I disagree with your example. While of course a Rectangle has an area and a perimeter, it doesn't make much sense to store them separately from from the length and breadth, when you could just calculate them on the fly in the getters. Why force people to call these "Set" functions in order to get accurate results, when you can provide a much nicer interface?
I would make Shape
a pure interface:
struct Shape
{
virtual ~Shape(); // probably need this
virtual double getArea () = 0 ;
virtual double getPerimeter () = 0 ;
};
class Rectangle : public Shape
{
double length ;
double breadth ;
public:
Rectangle ():length(0.0),breadth(0.0){}
Rectangle (int _length, int _breadth):length(_length),breadth(_breadth){}
double getArea ()
{
return length * breadth ;
}
double getPerimeter ()
{
return 2 * (length + breadth) ;
}
};
i feel that any shape has following attributes 'Area' and 'Perimeter' and hence if we do not provide these attributes in the class, the Shape class would not be a appropriate representation of 'Real world shape'
I don't agree with this either. The Shape class should have a public API which provides access to its area and perimeter. Whether or not it has fields containing those values is an implementation detail, and has no bearing on whether it represents a shape to the outside world.
Providing the outside world with a nice interface is, say, 85% of class design. The other 15% is making sure that the interface that suits the caller is actually feasible to implement. Making the internal implementation details follow the same pattern as the external interface, to the extent that every property of the object returned by a function necessarily is stored in a field, isn't just low priority, it's pointless.
If you had a circle, you might conceivably have getRadius
and getDiameter
functions, but you wouldn't store them in different fields, despite the fact that of course circles have a radius and also a diameter.
Now, if this weren't a Rectangle, but some very complicated shape where calculating area and perimeter is slow, then you might want to cache the area and perimeter in the object, (and either recalculate them or mark the cache stale whenever the defining parameters change).

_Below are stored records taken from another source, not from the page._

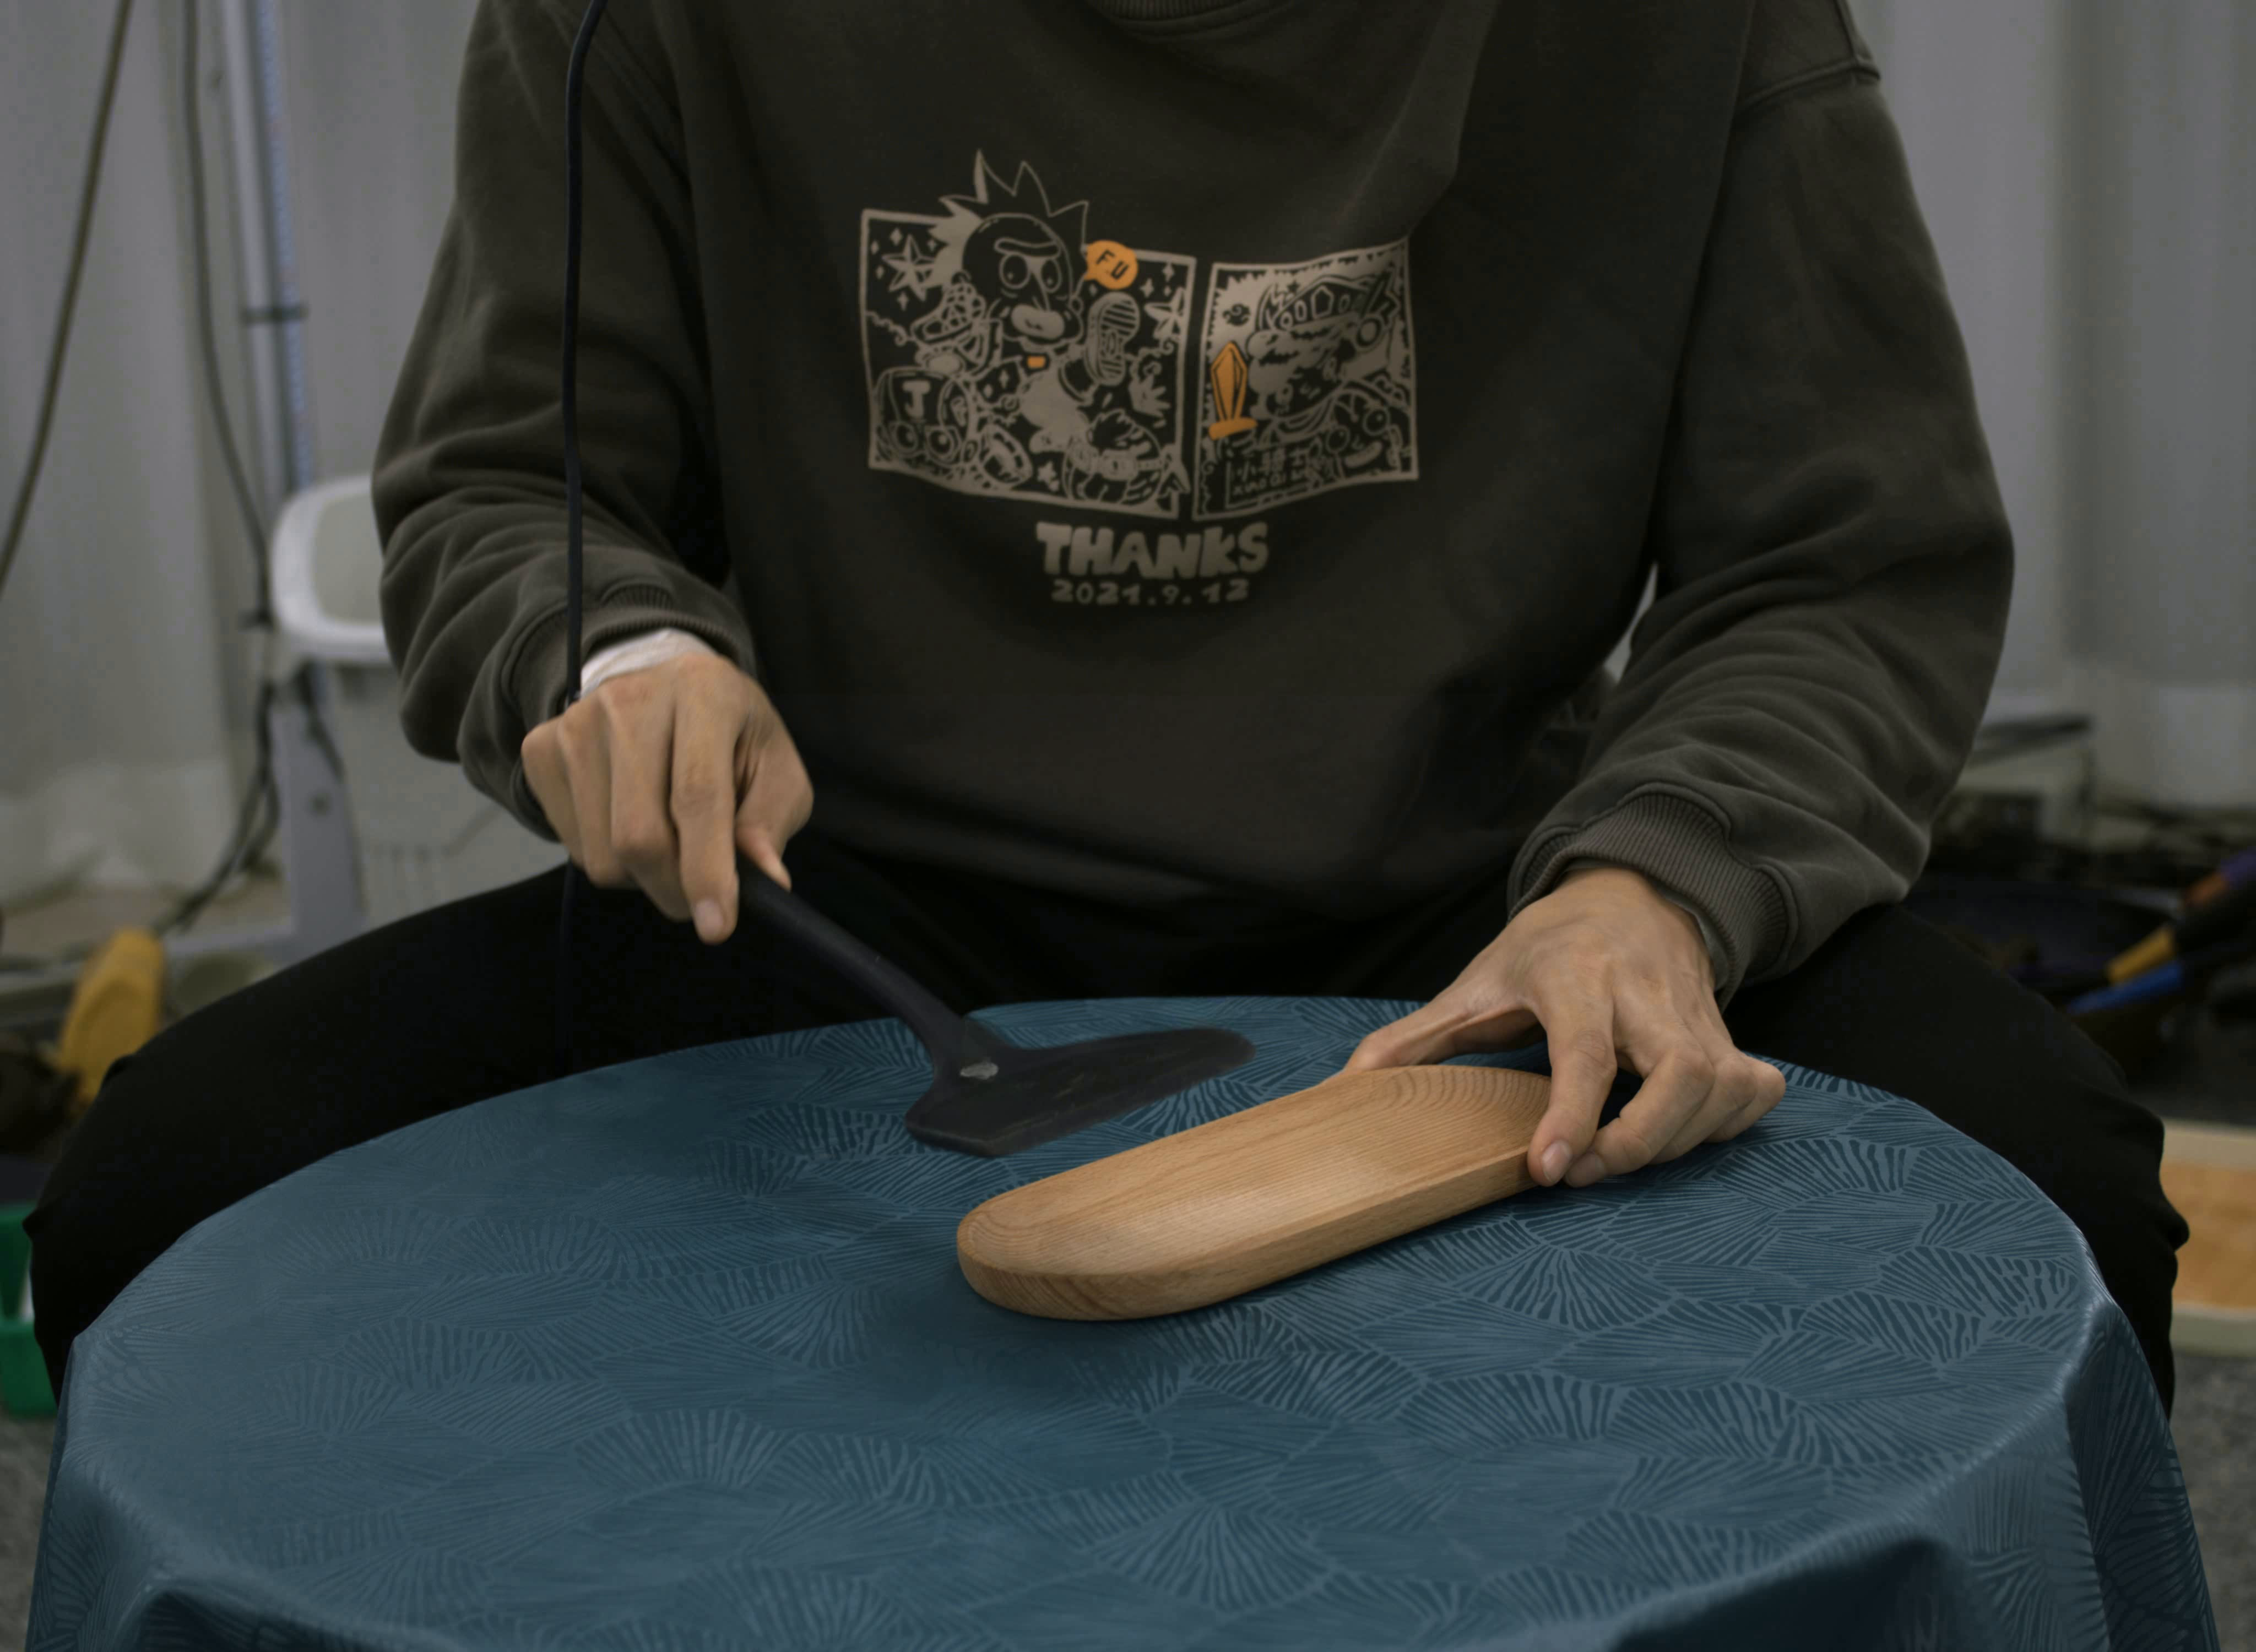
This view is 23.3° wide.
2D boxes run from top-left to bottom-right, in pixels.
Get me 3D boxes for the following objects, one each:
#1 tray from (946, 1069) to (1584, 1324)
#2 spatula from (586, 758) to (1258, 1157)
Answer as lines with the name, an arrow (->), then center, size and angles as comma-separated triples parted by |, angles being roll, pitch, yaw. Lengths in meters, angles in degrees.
tray -> 0.045, 0.113, 1.687 | 0.231, 0.020, 0.102 | -17, 19, -38
spatula -> -0.086, 0.032, 1.693 | 0.099, 0.040, 0.330 | -19, 33, -29
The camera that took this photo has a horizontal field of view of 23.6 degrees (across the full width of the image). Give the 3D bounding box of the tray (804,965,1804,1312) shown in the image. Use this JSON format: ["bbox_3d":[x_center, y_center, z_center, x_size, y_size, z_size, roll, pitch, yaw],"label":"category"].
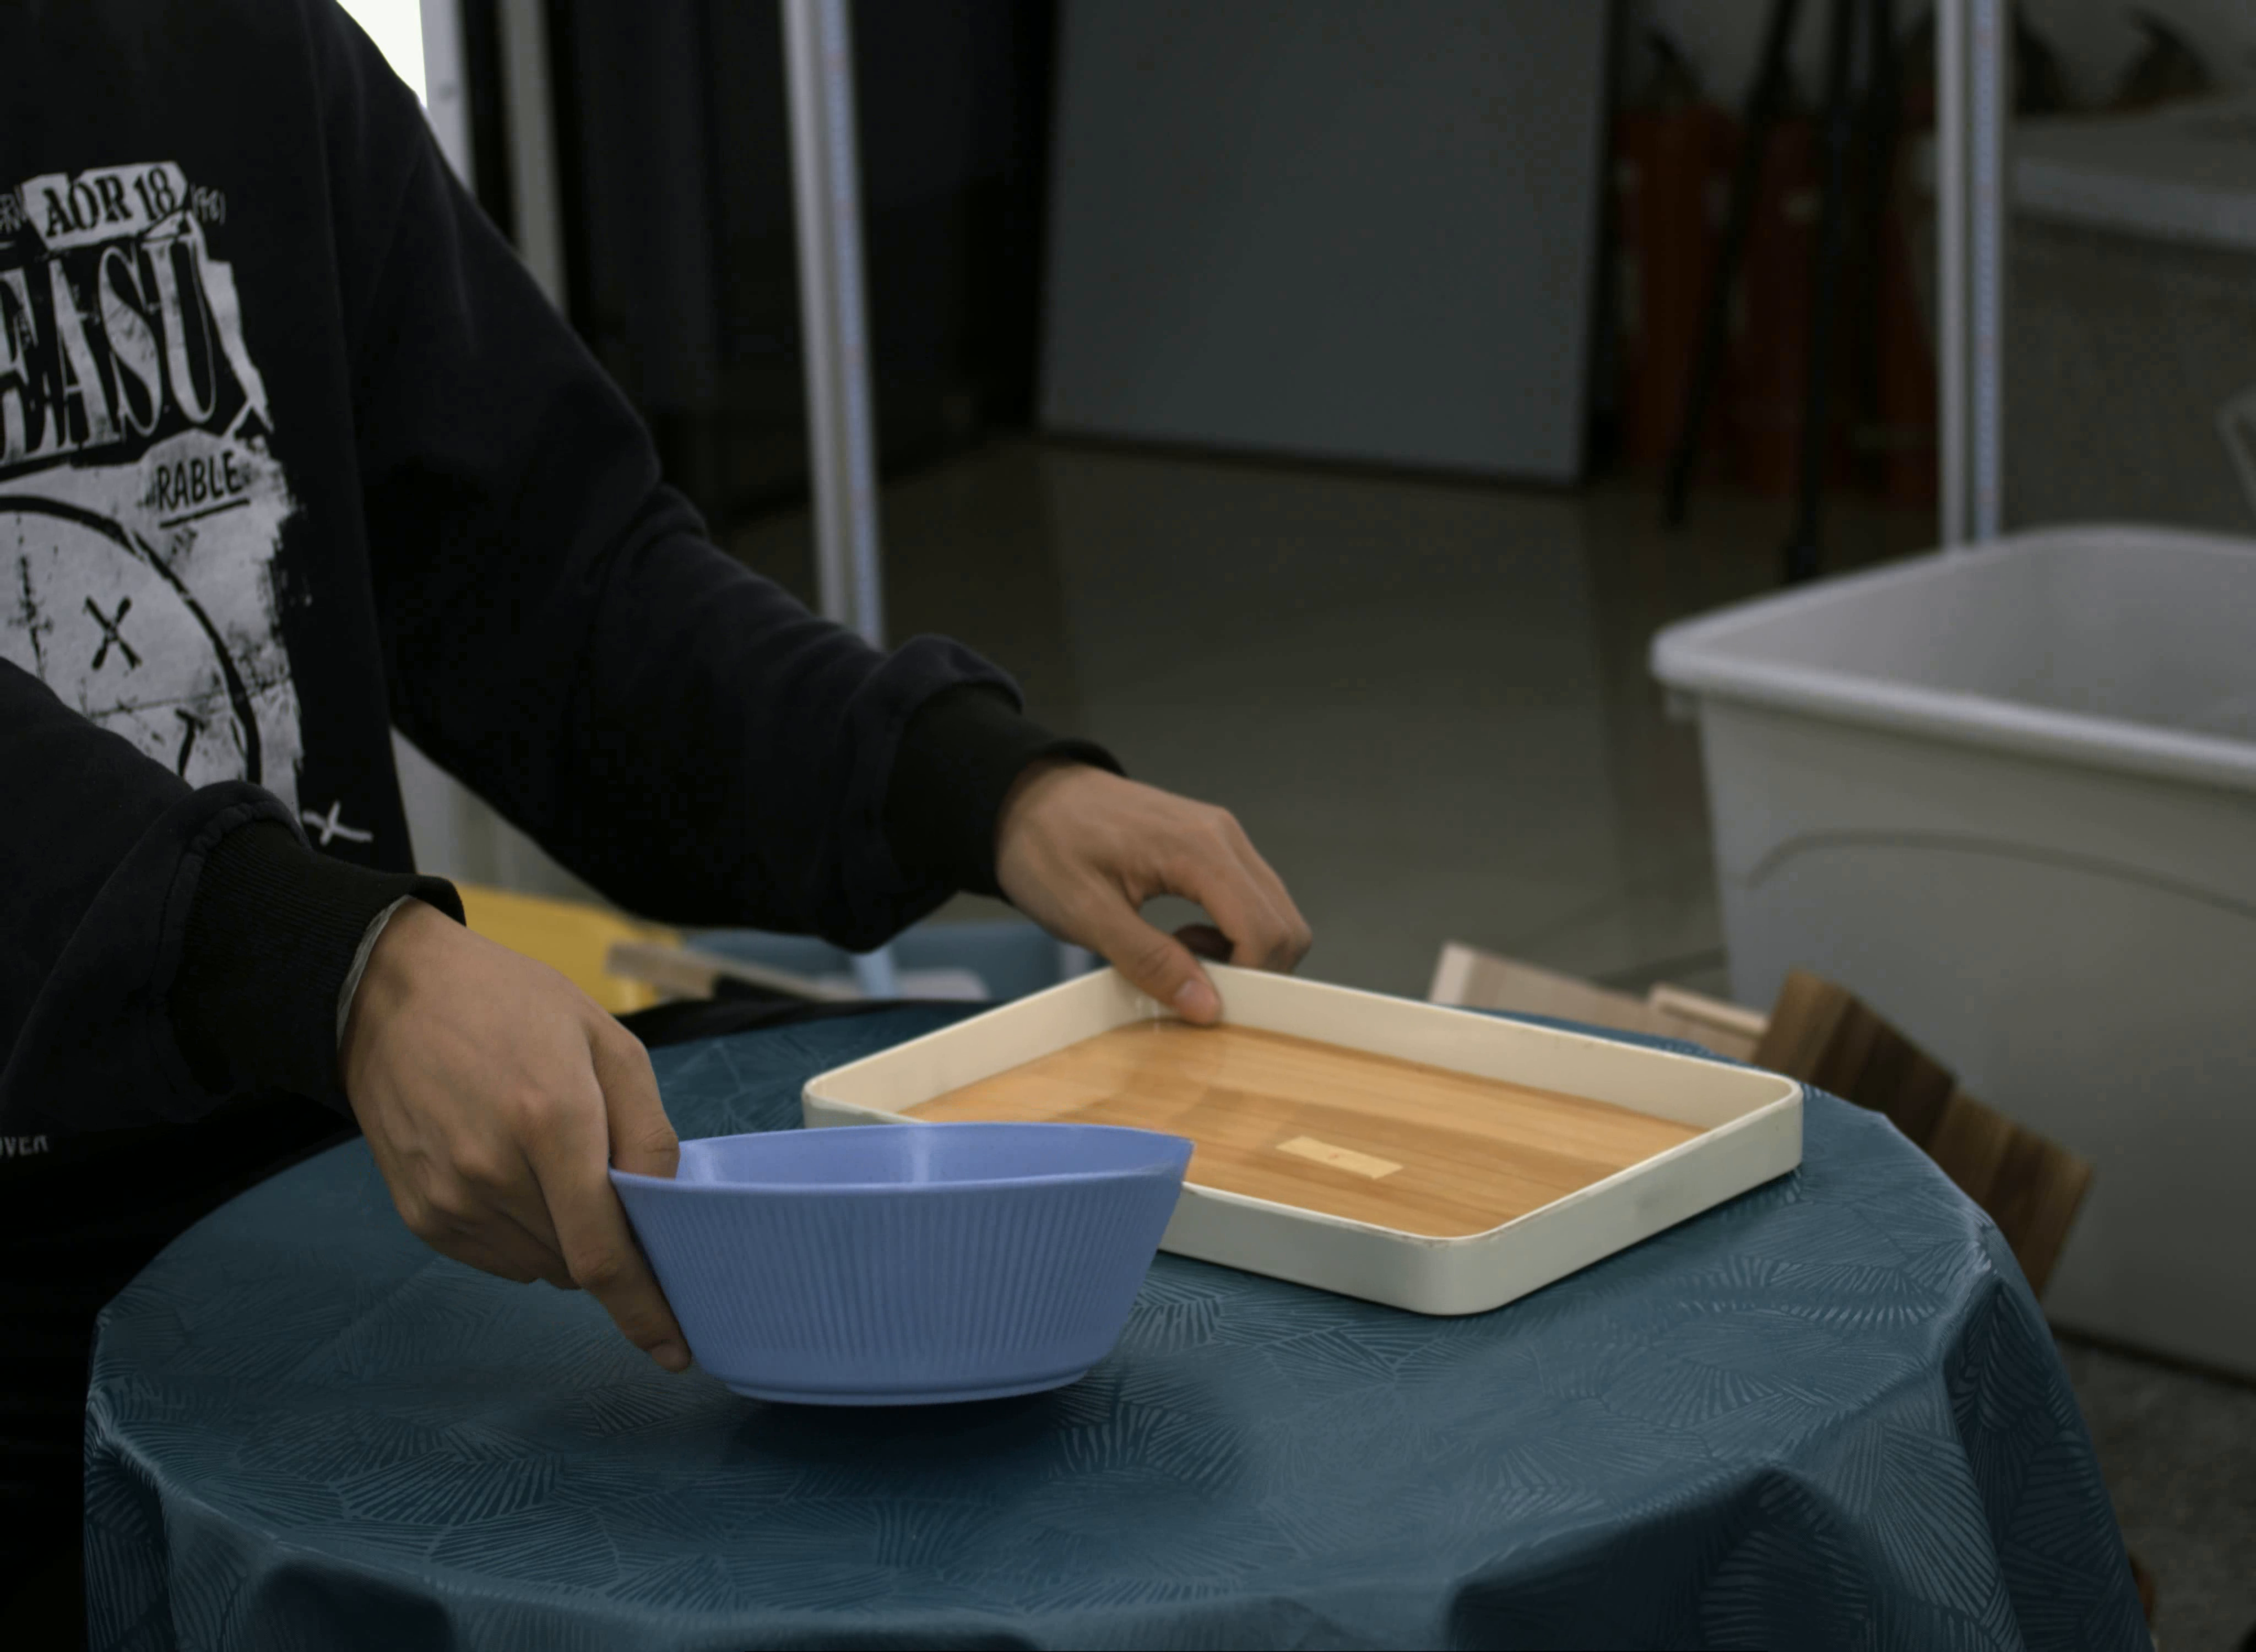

But that's a particular property of complicated shapes, nothing to do with simple shapes like Rectangles, and so doesn't really belong in the base class Shape. Base classes should only contain things which are common to all derived classes, or at least common to enough of them that you're willing to act as though it's common to all (and override or ignore those things in the subclasses they don't apply to). In your example, the ability to report area and perimeter are common to all shapes. The fact of storing area and perimeter in data members need not be common to all shapes, and in the case of Rectangle occupies extra memory and requires extra code for pretty much no benefit.
you should 'NEVER' have attributes in your base class
I don't agree with this either, although I think I appreciate where they might be going with it.
Fields which a Shape
base class might reasonably have include position co-ordinates and orientation (if we're talking about actual rectangles etc to be displayed on screen, rather than rectangles in the abstract), colour, tags (if we're firmly committed to crowd-sourced taxonomies, and probably inherited from another base class rather than defined in Shape itself), and that kind of thing, that will be handled the same way irrespective of what derived class is involved.
That said, inheritance of implementation is over-used (because it often appears misleadingly easy), but personally I think it's sometimes worthwhile. In the case of shapes, you can get into all kinds of trouble trying to define a class hierarchy of geometric figures.
It's not too bad if you stick to immutable objects. A Square is a Rectangle (whose width and breadth happen to be equal), so it can be a subclass of Rectangle. But then a month later you want to introduce generic Quadrilaterals. Where do you have to add the new class? Oops - at the top of the class hierarchy, where it potentially disturbs both your existing classes. Adding quadrilaterals has made you re-think squares. All else being equal you'd like that kind of wide-ranging change to be optional, not force it on yourself.
What about mutable objects, though? A mutable Square is not a mutable Rectangle, because mutable rectangles should provide the ability to set the width to 2 and the height to 3. Squares should not provide this ability. Neither is a mutable Rectangle a mutable Square (since mutable Squares should have the property that if you change the width, the height changes. Mutable Rectangles should not have this property). So mutable rectangles whose width and height happen to be equal, aren't the same thing as mutable squares at all. The classes can't be related by inheritance. Now, should Rectangle(2,2) == Square(2)
be true or false? Whichever we decide, we're going to surprise somebody. So we find we have to leave them as unrelated, incomparable classes. That is to say, don't use inheritance.
So pure interfaces are good where possible, and some people have decided that these kinds of problem are so common that other kinds of inheritance just aren't worth it. The Go programming language does not have inheritance. As an aside, many people have also decided to avoid mutable objects, and done quite well out of it, but that's not the question....
I think there are plenty of cases where, as an implementation detail, it is convenient to have common functionality in base classes. Just don't think this common behaviour is truly intrinsic to your base class. It's implementation, not interface, and some day you might define a derived class that doesn't want to use any of it, because some other implementation is more appropriate. Where you can conveniently put the common behaviour in embedded objects rather than base classes, do so.